P300 data were analyzed using linear mixed models (LMM), estimated using the restricted maximum likelihood (REML) method. Initially, we examined the effects of group status (DE vs. HC), sex, stimulus (target vs. non-target), participants' age, perceived fatigue, logIL-6, logIL-1β, and logTNF-α, as well as the two-way interactions (group status × sex; group status × stimulus; and sex × stimulus), and three-way interaction (group status × sex × stimulus). The ID variable was utilized as a cluster variable (intercept) for the random effects. In the LMM, fixed effect omnibus tests were employed to determine the main effects of the factors in the model and to compare the model against the null model (supplementary material, tables S4-S5). Results of the LMM were presented in tables and graphically, and two-tailed p-values and 95% confidence intervals (95CI) were used to describe the results in the text. For this study, significance was defined as p ≤ 0.05.

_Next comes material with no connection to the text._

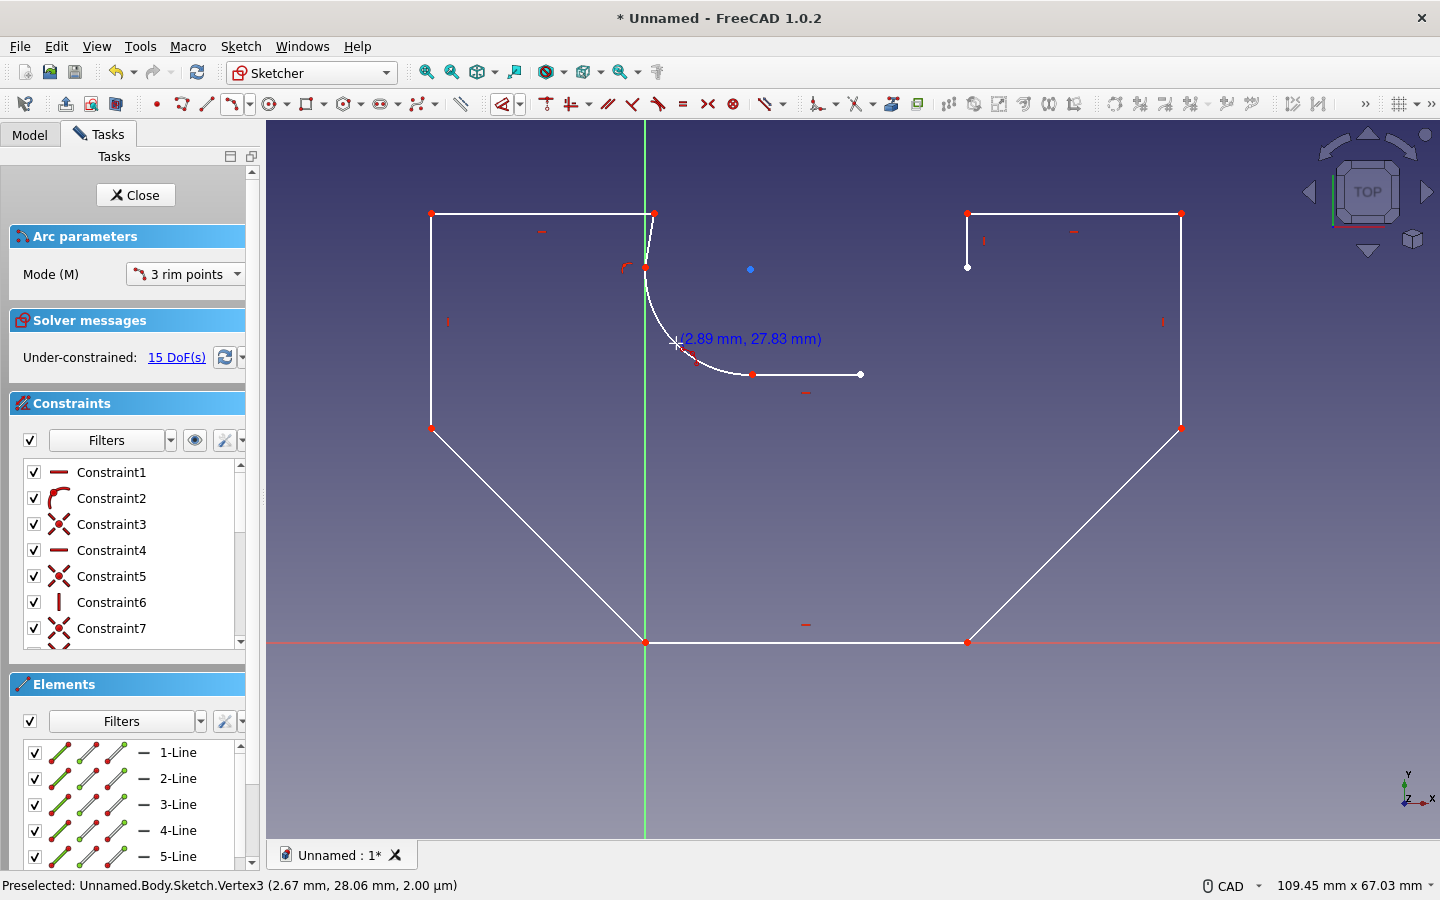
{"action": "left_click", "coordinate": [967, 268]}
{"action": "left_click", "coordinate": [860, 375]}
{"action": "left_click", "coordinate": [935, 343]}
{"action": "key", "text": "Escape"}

Two separate generalized linear models (GLZM) were conducted to assess the effects of sex, group status (DE vs. HC), participants' age, perceived fatigue, logIL-6, logIL-1β, and logTNF-α, as well as the two-way interaction (group status × sex), on the total number of correct answers (i.e., recognized targets) and the mean response time (RT). For the total number of correct reactions during the trial, a Poisson regression was computed due to the count nature of the dependent variable, which followed a Poisson distribution (Kolmogorov-Smirnov-Test for goodness-of-fit for Poisson distribution: Z = 0.90, p = 0.39). In cases of significant two-way or three-way interactions, post hoc tests were performed. Statistical significance was defined as a two-tailed p ≤ 0.05 for these effects. Loglikelihood tests were computed for the GLZM to determine the goodness of fit of the main effects of the variables in the model (supplementary material, tables S6-S7).
All statistical analyses were performed using the R-based software jamovi 2.0.0 (Love et al., 2020) and the toolbox GAMLj (Gallucci, 2019).